By Sandy Pattison ‘19

Being a senior American studies and Spanish double major, I am constantly intrigued by the relationships between the U.S. and Spanish-speaking countries.

Just last year, I took a class at Occidental during the Spring that included a trip abroad to Spain for the first two weeks of summer. The class was called Latin American Writers in Spain, taught by Professor Adelaida López, which was amazing! Leading up to the trip, we learned about famous Latin American literature that arose in Spain during the Spanish Civil War and we observed not only how this particular society affected their writing, but also how their writing reflected on their position within society. Having the opportunity to then contextualize everything we had learned at Oxy with Spanish professors who had experienced the history themselves in Spain was so exciting. This experience in Spain motivated my decision to explore elsewhere for my semester abroad.

I started talking to other students who had visited countries in Latin America, and although I didn’t meet anyone who went to Cuba, I was drawn in by my interest formed from other classes. I had previously learned about the Cuban revolution in my American studies classes; we spoke a lot about nationhood, place, how physical and ideological borders can make people a part of or separate from a nation and how the U.S.’s political and ideological influence deeply impacted national and international perceptions of Cuba’s global positionality, culture, and people. I had also spent a lot of time in other Oxy courses talking about ideas of national and international social movements and revolutions and was excited about the idea of living in a country that still considered itself in a state of revolution ideologically and temporally (all calendars in Cuba state how many years it’s been since the triumph of the revolution in 1959.  Ex. 2018 is year 59.) Although I was aware of the travel restrictions for U.S. citizens to Cuba, this didn’t deter me from wanting to visit such a beautiful country. I quickly realized that because of these restrictions, studying abroad in Cuba during college was the only way I was going to get a real experience of life there—I wanted more than the tourist experience. I felt this was understood by Oxy as our International Programs Office (IPO) were instrumental in helping us prepare the required documents. It was such a stress-free process, shout-out to Julie in IPO who was wonderful!

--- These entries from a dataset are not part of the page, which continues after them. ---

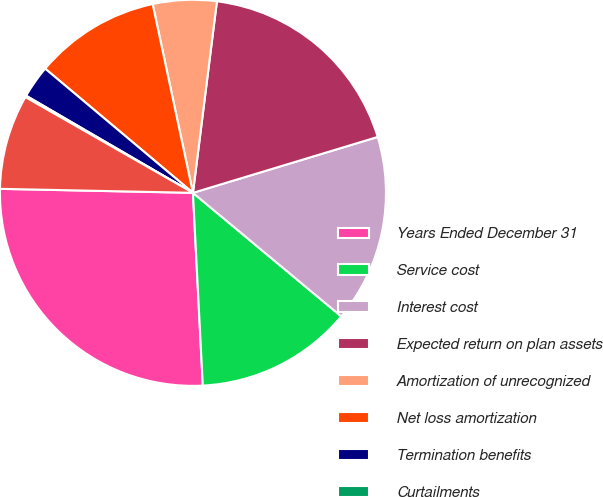Convert chart to OTSL. <chart><loc_0><loc_0><loc_500><loc_500><pie_chart><fcel>Years Ended December 31<fcel>Service cost<fcel>Interest cost<fcel>Expected return on plan assets<fcel>Amortization of unrecognized<fcel>Net loss amortization<fcel>Termination benefits<fcel>Curtailments<fcel>Net periodic benefit cost<nl><fcel>26.14%<fcel>13.13%<fcel>15.73%<fcel>18.34%<fcel>5.33%<fcel>10.53%<fcel>2.73%<fcel>0.13%<fcel>7.93%<nl></chart> 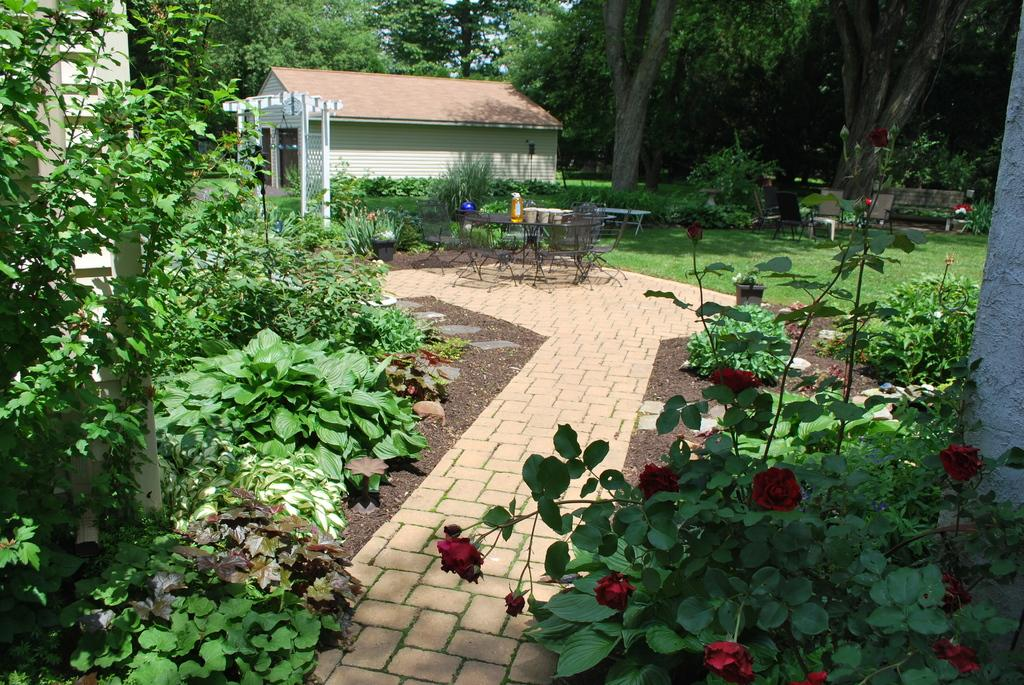What type of flooring is visible in the image? There are tiles placed on the ground in the image. What can be seen on either side of the tiles? There are plants on either side of the tiles. What is visible in the background of the image? There is a house and trees in the background. What type of fire can be seen burning in the image? There is no fire present in the image. What wish is granted to the person in the image? There is no person or wish granted in the image. 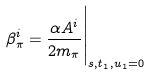Convert formula to latex. <formula><loc_0><loc_0><loc_500><loc_500>\beta _ { \pi } ^ { i } = \frac { \alpha A ^ { i } } { 2 m _ { \pi } } \Big | _ { s , t _ { 1 } , u _ { 1 } = 0 }</formula>

Through my study abroad program, I was able to take all but one of my courses with Cuban students at the University. Classes included "Contemporary Cuban Society" which centered on international political relations. For this course, each week professors from all over Cuba focused on different aspects of Cuban society, ranging from religion to government structure to education. Although it was mandatory for all students in my program, including two other Oxy students, it was nevertheless enlightening. My other classes were "Bioethics in the Environment" and "Political Economy," which looked at capitalism and socialism, and concepts within those structures as compared to other socialist countries. My fourth class at the university was on "Theory and Ideology of the Cuban Revolution." We read Fidel Castro’s speeches from the revolution, and observed his rhetoric from primary sources-- something that seemed impossible to do elsewhere. The class also placed a huge emphasis on interviewing Cuban residents that were alive during the revolution I loved getting to interact with Cubans and learning their perspectives.

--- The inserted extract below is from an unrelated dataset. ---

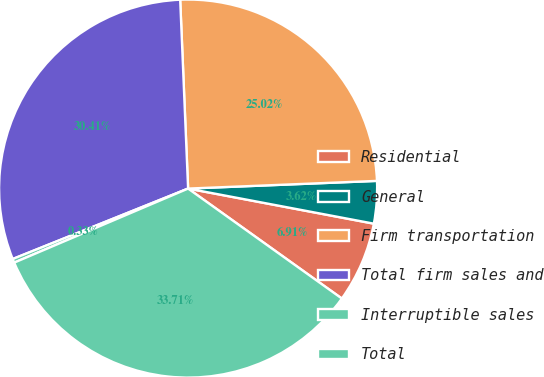<chart> <loc_0><loc_0><loc_500><loc_500><pie_chart><fcel>Residential<fcel>General<fcel>Firm transportation<fcel>Total firm sales and<fcel>Interruptible sales<fcel>Total<nl><fcel>6.91%<fcel>3.62%<fcel>25.02%<fcel>30.41%<fcel>0.33%<fcel>33.71%<nl></chart> 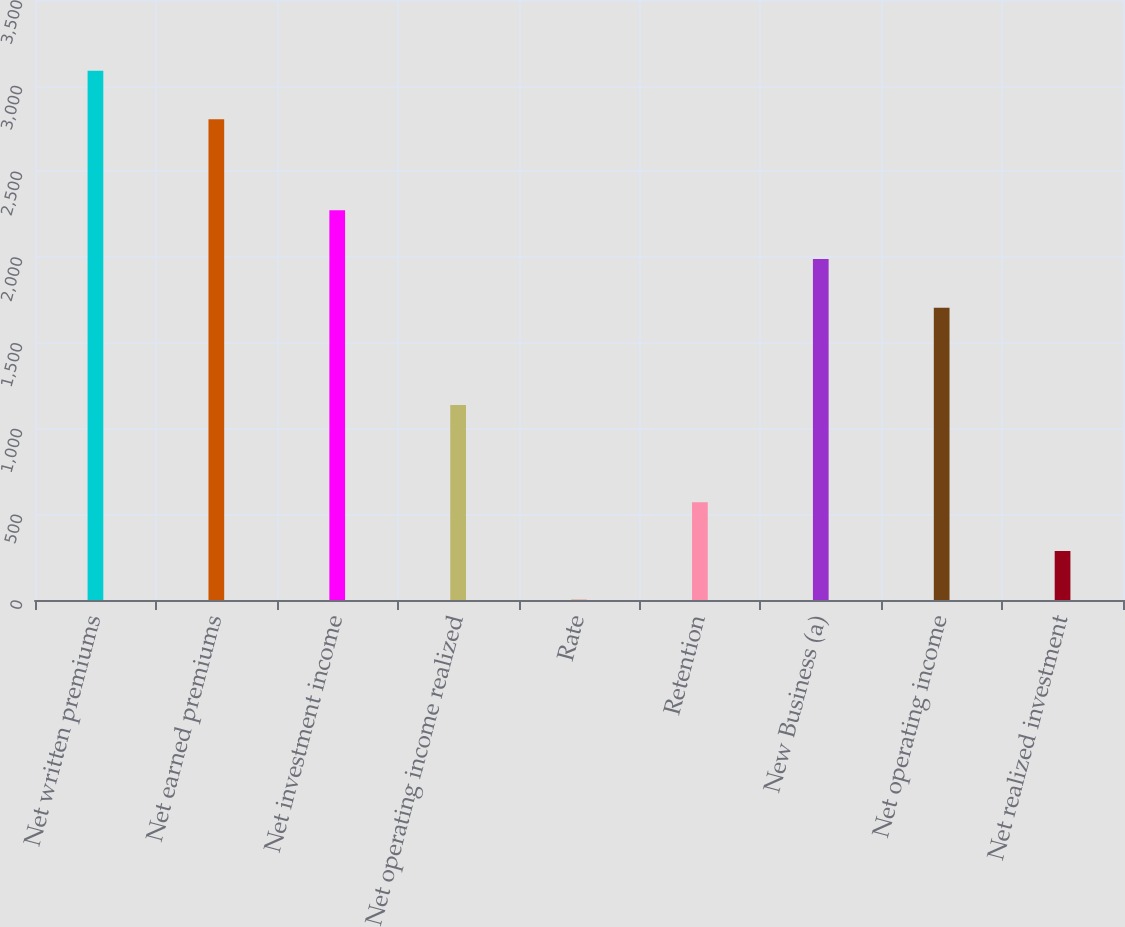Convert chart to OTSL. <chart><loc_0><loc_0><loc_500><loc_500><bar_chart><fcel>Net written premiums<fcel>Net earned premiums<fcel>Net investment income<fcel>Net operating income realized<fcel>Rate<fcel>Retention<fcel>New Business (a)<fcel>Net operating income<fcel>Net realized investment<nl><fcel>3087.9<fcel>2804<fcel>2273.2<fcel>1137.6<fcel>2<fcel>569.8<fcel>1989.3<fcel>1705.4<fcel>285.9<nl></chart>

Classes were really cool, but only took around ten hours a week, which is very different from Oxy and definitely not something I was used to. I had so much freedom and time to walk around, look in stores, go to restaurants, take the bus and explore. Our program offered a lot of planned excursions for the exchange students, enabling us to do things that tourists perhaps couldn’t, like scuba diving! We ventured outside central Havana to other cool neighborhoods, to the beach, specifically playa girón (Bay of Pigs). We all took salsa classes with our program director’s husband and since there isn’t much internet in Cuba, it very much feels like a small, saturated community that everyone is in together in society. There were posters everywhere for different music events, so if we wanted something to do that night all we had to do was look outside.

Staying with a host family, I learned so much. First off, it is super common for three or four generations of a family to live in one house. My host mom was the grandma of the family, and her kids and their kids lived there also. I would always have dinner with them, and they would take me to a park where all families go, where people had horses for kids to ride on, bouncy castles open to the public, it was so fun! As for the language barrier, initially I wasn’t worried about my Spanish at all; I’d taken a few 300 level classes at Oxy already. Then the day I arrived, the program director’s husband, who ended up being our salsa teacher, picked me up from the airport and I had no idea what he was saying. Cubans speak SO fast, I had never experienced anything like it!

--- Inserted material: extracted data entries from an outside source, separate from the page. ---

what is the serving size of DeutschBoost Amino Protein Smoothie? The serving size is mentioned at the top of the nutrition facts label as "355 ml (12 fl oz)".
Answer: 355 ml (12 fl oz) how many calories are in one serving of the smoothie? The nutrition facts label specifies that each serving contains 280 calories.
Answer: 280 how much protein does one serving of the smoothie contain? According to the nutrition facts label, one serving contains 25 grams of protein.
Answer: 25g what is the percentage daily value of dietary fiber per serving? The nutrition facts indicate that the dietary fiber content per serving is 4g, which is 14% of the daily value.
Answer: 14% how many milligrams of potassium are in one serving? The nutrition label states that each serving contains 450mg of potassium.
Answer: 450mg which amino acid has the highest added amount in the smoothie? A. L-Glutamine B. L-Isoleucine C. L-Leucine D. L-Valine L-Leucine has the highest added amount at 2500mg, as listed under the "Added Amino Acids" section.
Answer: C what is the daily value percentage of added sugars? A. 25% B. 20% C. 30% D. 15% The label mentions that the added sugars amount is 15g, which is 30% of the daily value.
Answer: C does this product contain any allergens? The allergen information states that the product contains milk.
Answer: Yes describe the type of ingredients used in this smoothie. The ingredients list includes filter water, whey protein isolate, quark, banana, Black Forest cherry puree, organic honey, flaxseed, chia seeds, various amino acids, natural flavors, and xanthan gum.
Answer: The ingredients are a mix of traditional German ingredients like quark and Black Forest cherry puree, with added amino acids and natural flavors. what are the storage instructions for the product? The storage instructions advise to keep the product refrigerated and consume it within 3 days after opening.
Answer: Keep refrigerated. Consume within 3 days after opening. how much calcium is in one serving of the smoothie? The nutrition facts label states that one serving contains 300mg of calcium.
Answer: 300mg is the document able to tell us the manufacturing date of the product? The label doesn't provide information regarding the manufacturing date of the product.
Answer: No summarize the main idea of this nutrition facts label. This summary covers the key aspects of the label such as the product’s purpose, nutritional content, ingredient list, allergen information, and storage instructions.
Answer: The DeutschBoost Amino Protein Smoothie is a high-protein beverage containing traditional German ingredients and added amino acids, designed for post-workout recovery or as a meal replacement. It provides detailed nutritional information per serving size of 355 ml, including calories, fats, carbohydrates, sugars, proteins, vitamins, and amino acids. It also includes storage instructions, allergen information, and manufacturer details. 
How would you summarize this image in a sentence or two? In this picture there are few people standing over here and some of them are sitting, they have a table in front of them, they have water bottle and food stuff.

It took time to get used to the speed and the language used by Cubans, but it was such a smooth process, people really wanted you to understand and there were many times where I forgot about the barrier. Everyone is so friendly and open. Although Cuba is huge, each part is community-oriented—almost like Oxy. I learned so much fun slang, too: "Asere que bolá!" meaning "whats up!", and "washiñar", which refers to getting hyped!
I still stay in contact with my Cuban friends through Facebook.They love it, since the internet is limited out there. I introduced them to Bitmoji and they are obsessed with it! I often chat with my host family on Skype, too. I miss it a lot, but having that experience and getting to return to Oxy makes me so grateful. The experience made me realize I want to utilize the opportunities that Oxy offers, and now I am able to offer a Central American lens in the classes I take, which is such a privilege, and all of it would have been impossible without Oxy and IPO.